[Data items]
****
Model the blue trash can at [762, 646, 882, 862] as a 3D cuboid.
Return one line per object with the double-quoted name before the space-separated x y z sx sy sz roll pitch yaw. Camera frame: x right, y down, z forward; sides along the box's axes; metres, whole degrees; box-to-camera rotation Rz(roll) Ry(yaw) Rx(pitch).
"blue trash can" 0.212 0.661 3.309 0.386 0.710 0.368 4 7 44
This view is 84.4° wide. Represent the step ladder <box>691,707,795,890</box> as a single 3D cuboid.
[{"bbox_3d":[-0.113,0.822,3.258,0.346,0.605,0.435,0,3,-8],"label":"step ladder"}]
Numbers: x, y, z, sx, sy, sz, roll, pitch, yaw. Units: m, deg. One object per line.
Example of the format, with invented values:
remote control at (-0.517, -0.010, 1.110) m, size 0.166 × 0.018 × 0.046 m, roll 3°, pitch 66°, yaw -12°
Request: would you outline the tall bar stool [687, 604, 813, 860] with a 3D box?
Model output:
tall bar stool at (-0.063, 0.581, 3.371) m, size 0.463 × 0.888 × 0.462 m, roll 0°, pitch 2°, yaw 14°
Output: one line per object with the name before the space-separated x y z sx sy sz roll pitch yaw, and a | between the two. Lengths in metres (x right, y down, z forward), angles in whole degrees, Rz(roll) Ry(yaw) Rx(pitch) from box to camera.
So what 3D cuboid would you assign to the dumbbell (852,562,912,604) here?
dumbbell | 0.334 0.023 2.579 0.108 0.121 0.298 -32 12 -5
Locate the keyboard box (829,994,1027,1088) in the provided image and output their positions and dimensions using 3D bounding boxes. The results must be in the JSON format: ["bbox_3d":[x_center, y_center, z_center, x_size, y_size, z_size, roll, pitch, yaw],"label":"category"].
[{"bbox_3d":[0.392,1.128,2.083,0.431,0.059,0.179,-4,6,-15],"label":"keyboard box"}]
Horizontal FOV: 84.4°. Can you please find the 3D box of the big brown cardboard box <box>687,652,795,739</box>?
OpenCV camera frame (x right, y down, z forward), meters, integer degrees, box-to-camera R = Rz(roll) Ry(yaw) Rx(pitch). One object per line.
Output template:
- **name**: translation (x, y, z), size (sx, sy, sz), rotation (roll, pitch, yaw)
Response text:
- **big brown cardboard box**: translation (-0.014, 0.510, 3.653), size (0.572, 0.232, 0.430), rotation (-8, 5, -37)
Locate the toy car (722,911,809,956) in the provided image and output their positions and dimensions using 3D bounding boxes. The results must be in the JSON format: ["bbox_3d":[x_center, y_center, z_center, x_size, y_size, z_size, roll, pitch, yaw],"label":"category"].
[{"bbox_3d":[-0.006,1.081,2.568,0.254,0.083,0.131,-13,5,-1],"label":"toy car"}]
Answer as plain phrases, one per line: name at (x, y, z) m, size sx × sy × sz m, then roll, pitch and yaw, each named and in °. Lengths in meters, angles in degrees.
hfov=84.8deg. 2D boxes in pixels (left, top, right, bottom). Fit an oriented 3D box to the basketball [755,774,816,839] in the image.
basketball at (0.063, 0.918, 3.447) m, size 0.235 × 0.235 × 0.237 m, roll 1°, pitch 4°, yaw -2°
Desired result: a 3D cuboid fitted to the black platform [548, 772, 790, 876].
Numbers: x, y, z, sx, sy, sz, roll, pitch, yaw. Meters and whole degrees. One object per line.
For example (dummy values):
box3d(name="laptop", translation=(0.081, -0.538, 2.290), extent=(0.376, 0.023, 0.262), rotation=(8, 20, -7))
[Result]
****
Task item:
All records must be transcribed exactly, with none left out.

Answer:
Model the blue trash can at [762, 646, 882, 862] as a 3D cuboid.
Return one line per object with the double-quoted name before the space-separated x y z sx sy sz roll pitch yaw. Camera frame: x right, y down, z forward; sides along the box's axes; metres, whole degrees; box-to-camera rotation Rz(roll) Ry(yaw) Rx(pitch).
"blue trash can" 0.212 0.661 3.309 0.386 0.710 0.368 4 7 44
This view is 84.4° wide. Represent the step ladder <box>691,707,795,890</box> as a single 3D cuboid.
[{"bbox_3d":[-0.113,0.822,3.258,0.346,0.605,0.435,0,3,-8],"label":"step ladder"}]
Numbers: x, y, z, sx, sy, sz, roll, pitch, yaw. Units: m, deg. One object per line.
Example of the format, with invented values:
remote control at (-0.517, -0.010, 1.110) m, size 0.166 × 0.018 × 0.046 m, roll 3°, pitch 66°, yaw -12°
Request: would you outline the tall bar stool [687, 604, 813, 860] with a 3D box?
Model output:
tall bar stool at (-0.063, 0.581, 3.371) m, size 0.463 × 0.888 × 0.462 m, roll 0°, pitch 2°, yaw 14°
Output: one line per object with the name before the space-separated x y z sx sy sz roll pitch yaw, and a | between the two. Lengths in metres (x right, y down, z forward), angles in whole degrees, Rz(roll) Ry(yaw) Rx(pitch) from box to camera.
So what 3D cuboid would you assign to the dumbbell (852,562,912,604) here?
dumbbell | 0.334 0.023 2.579 0.108 0.121 0.298 -32 12 -5
Locate the keyboard box (829,994,1027,1088) in the provided image and output their positions and dimensions using 3D bounding boxes. The results must be in the JSON format: ["bbox_3d":[x_center, y_center, z_center, x_size, y_size, z_size, roll, pitch, yaw],"label":"category"].
[{"bbox_3d":[0.392,1.128,2.083,0.431,0.059,0.179,-4,6,-15],"label":"keyboard box"}]
Horizontal FOV: 84.4°. Can you please find the 3D box of the big brown cardboard box <box>687,652,795,739</box>?
OpenCV camera frame (x right, y down, z forward), meters, integer degrees, box-to-camera R = Rz(roll) Ry(yaw) Rx(pitch). One object per line.
Output template:
- **name**: translation (x, y, z), size (sx, sy, sz), rotation (roll, pitch, yaw)
Response text:
- **big brown cardboard box**: translation (-0.014, 0.510, 3.653), size (0.572, 0.232, 0.430), rotation (-8, 5, -37)
Locate the toy car (722,911,809,956) in the provided image and output their positions and dimensions using 3D bounding boxes. The results must be in the JSON format: ["bbox_3d":[x_center, y_center, z_center, x_size, y_size, z_size, roll, pitch, yaw],"label":"category"].
[{"bbox_3d":[-0.006,1.081,2.568,0.254,0.083,0.131,-13,5,-1],"label":"toy car"}]
Answer as plain phrases, one per line: name at (x, y, z) m, size sx × sy × sz m, then roll, pitch and yaw, each named and in °. Lengths in meters, angles in degrees.
hfov=84.8deg. 2D boxes in pixels (left, top, right, bottom). Fit an oriented 3D box to the basketball [755,774,816,839] in the image.
basketball at (0.063, 0.918, 3.447) m, size 0.235 × 0.235 × 0.237 m, roll 1°, pitch 4°, yaw -2°
Desired result: a 3D cuboid fitted to the black platform [548, 772, 790, 876].
Numbers: x, y, z, sx, sy, sz, roll, pitch, yaw. Meters and whole degrees. One object per line.
For example (dummy values):
box3d(name="laptop", translation=(0.081, -0.538, 2.290), extent=(0.376, 0.023, 0.262), rotation=(8, 20, -7))
[Result]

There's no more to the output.